Interview with the Vampire

Interview with the Vampire ◆27ZYfcW1SM



ばさばさと山風がレミリアの服の袖を揺らした。
巻き上がる上昇気流をその身に受けながら崖から下を見下ろした。
「そこか……」
レミリアの視線の先には貫禄がある城が1城佇んでいる。

神槍「スピア・ザ・グングニル」

空中に赤い粒子が漂い、一瞬で収束する。
空に向かって掲げた右手の中には一条の投擲槍が現れた。

レミリアはそれを構え、一切の躊躇いも無く、一片の悔いも無く、城に向かって投擲した。
巨槍が唸りを上げて城に迫る。

しかし、城には結界があった。
槍の先端が結界に触れた瞬間、結界から青紫色のプラズマのような光が溢れた。
そして槍が強い圧力で潰されるかのようにひしゃげると、今度はこちらに向かって再構築された。

再構築された神槍はまるで不可視のクロスボウかバリスタにセットされていたかのように突然動き始める。
ベクトルは入射角と同じ角度。レミリアの右手を目指して寸分の狂いも無く、宙を滑った。

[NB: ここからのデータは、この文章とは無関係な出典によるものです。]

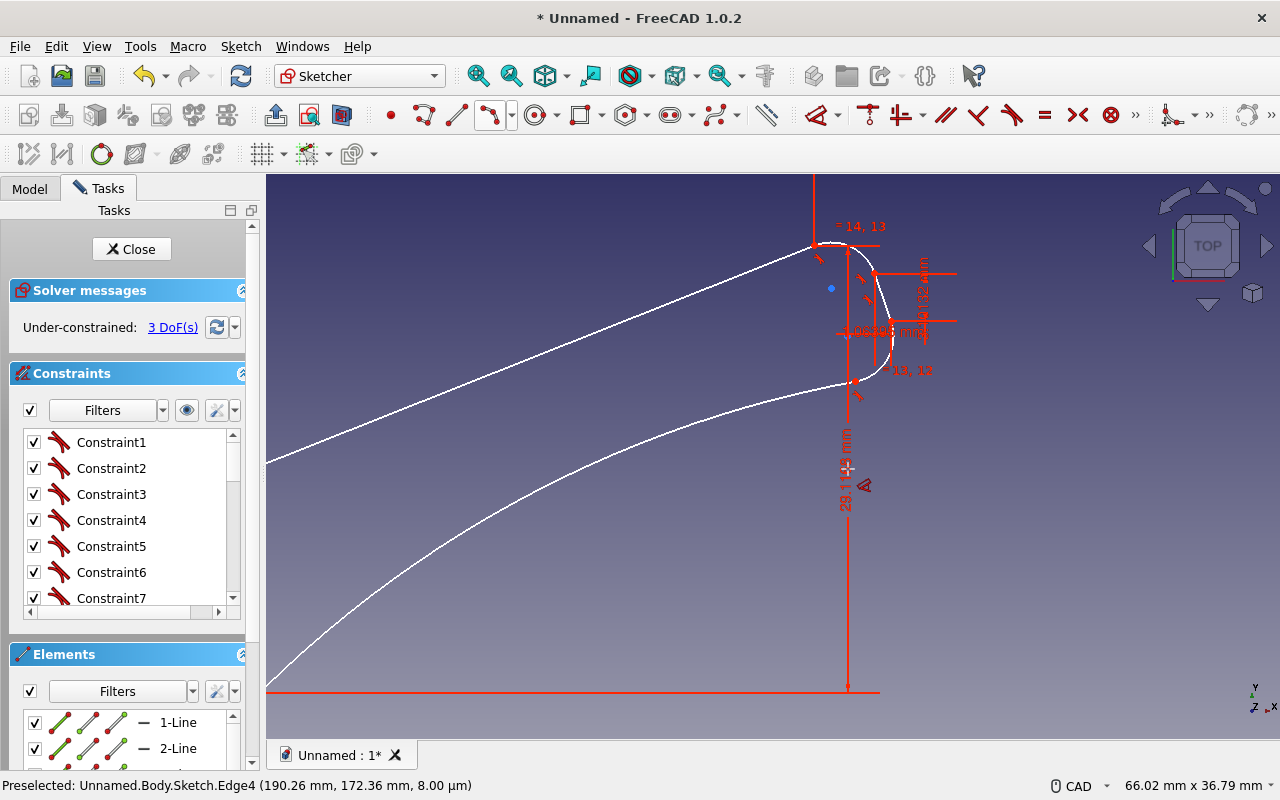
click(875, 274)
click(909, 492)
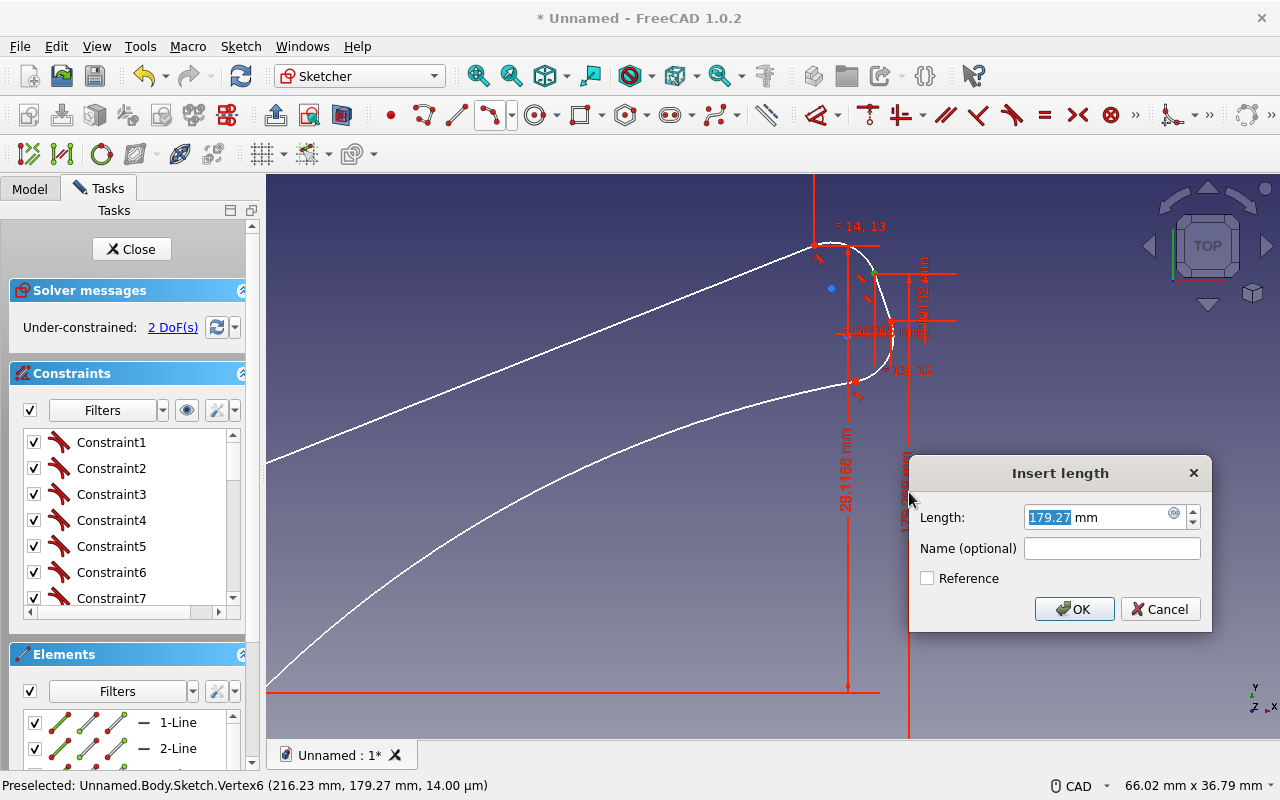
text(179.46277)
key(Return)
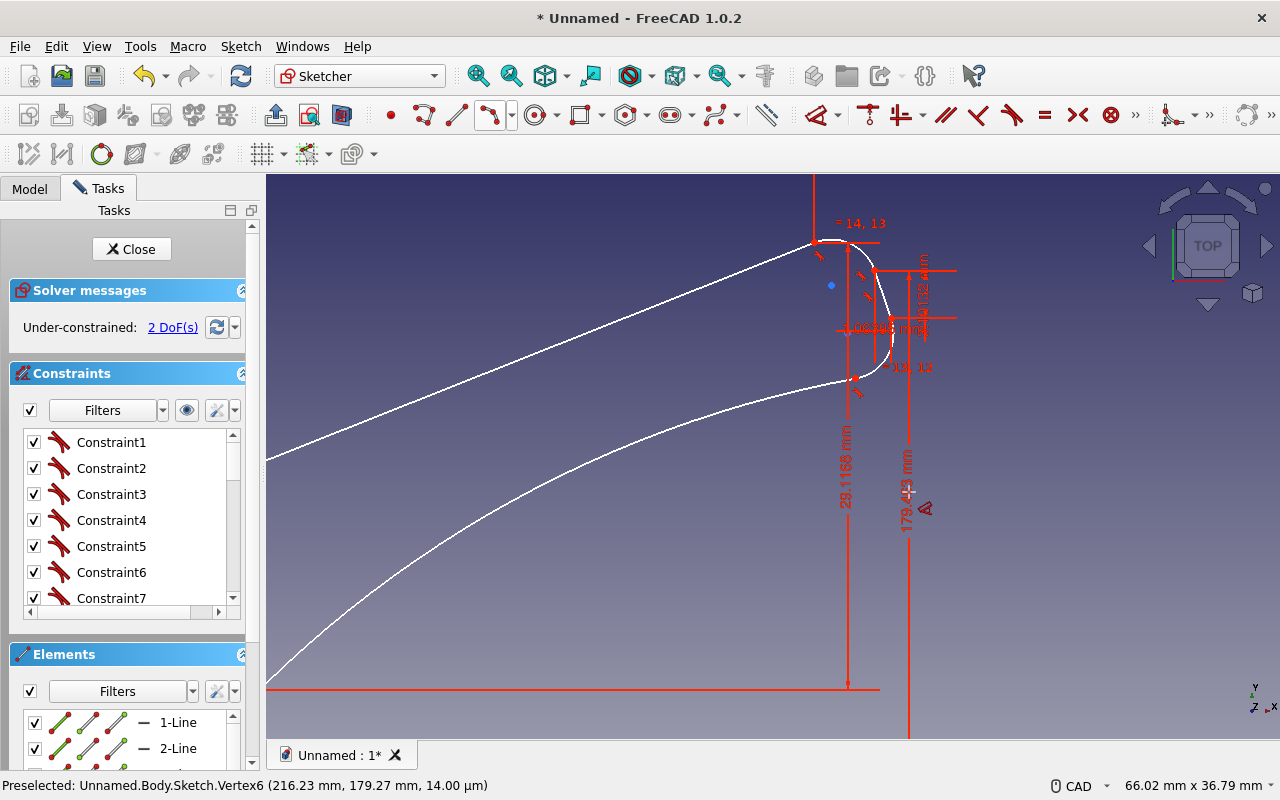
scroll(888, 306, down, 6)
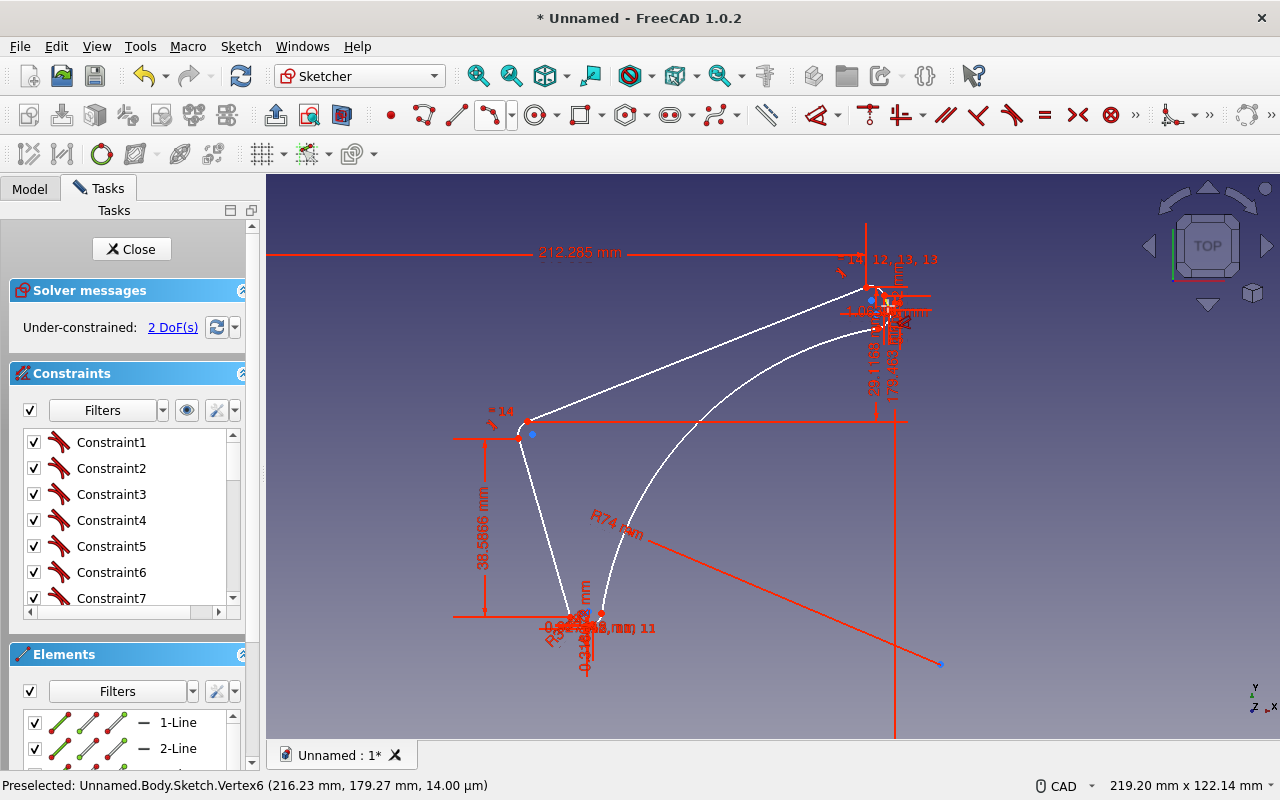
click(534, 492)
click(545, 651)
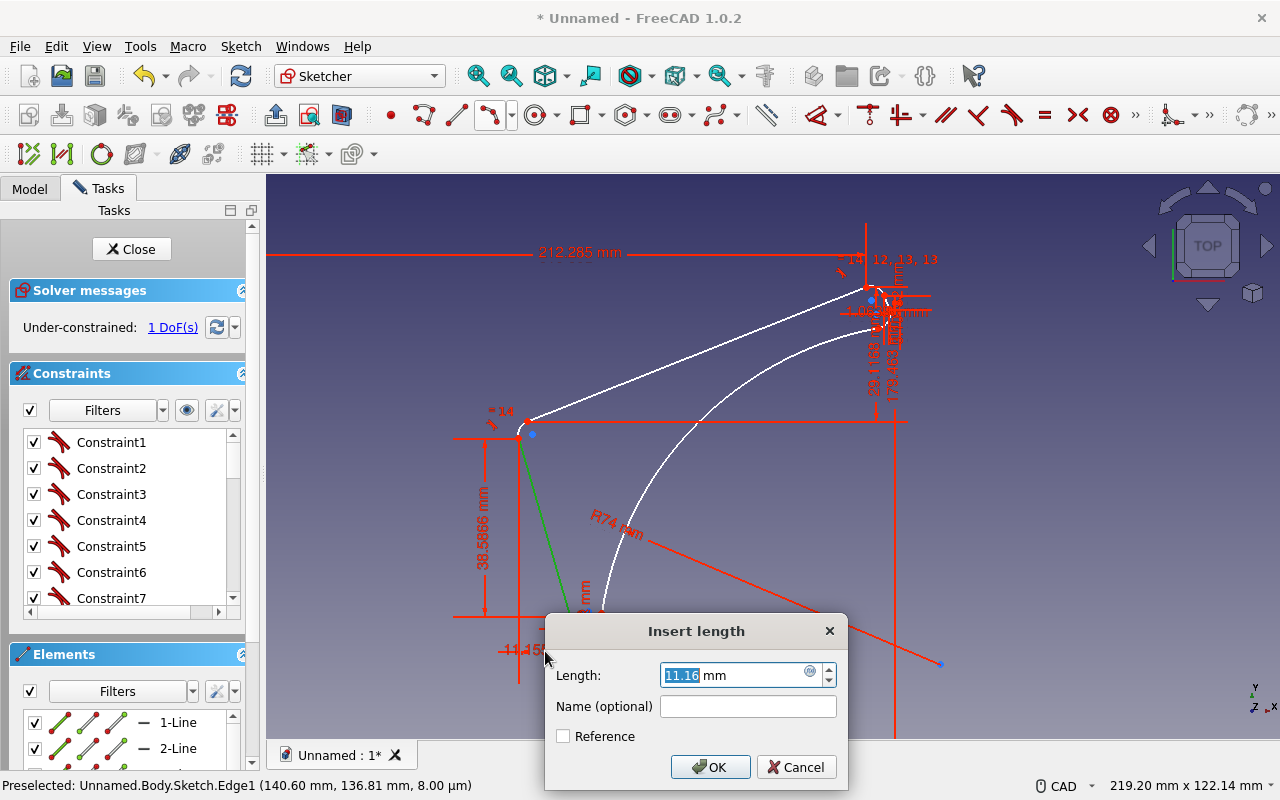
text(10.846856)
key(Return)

レミリアはあらかじめ予想していたのか、大して驚きもせず、冷静に自分のオーラで作られた槍を分解する。
澄んだ青空に赤い粒子が舞った以外、レミリアが神槍「スピア・ザ・グングニル」を使う前とまったく同じ状態に戻った。レミリアは傷一つ負わず、城もヒビ一つ入らなかった。

レミリアはこの状況に辛気臭い表情を浮かべる。
「だから嫌いなのよ。結界ってのは……妙な奴しか使わない術だから」

はぁと小さくため息をつくと、くるっと180度反転し、言った。

「これは宣戦布告よ。吸血鬼を敵に回して楽に死ねると思うな。
 私が生きているうちは一匹たりともその城を出ることはできないと思え」


「まぁ……出たければ出ればいいわ」

「その城がカンオケになるか、この地面に埋葬されるか、それだけの違いだけだからね」


太陽の光を遮る岩陰に腰を下ろした後、食事と傷の手当の準備をする。
手負いの吸血鬼は力を溜め込むことにしたのだった。


レミリア・スカーレットがこの投擲ポイントまでに到達するまでの経緯は下記のとおりだ。

紅魔館で、レミリアは自室に入って唖然とした。
なぜか自分の部屋が『物置』に成っていたのである。

紙でできた箱や不思議な壊れそうだけど硬くて軽い金属じゃない物質の箱が何個か置いてあったのだ。その箱の代金のつもりか、代わりに何個か備品が減っているようだ。ティーセットやら私の愛用の傘やらがなくなっている。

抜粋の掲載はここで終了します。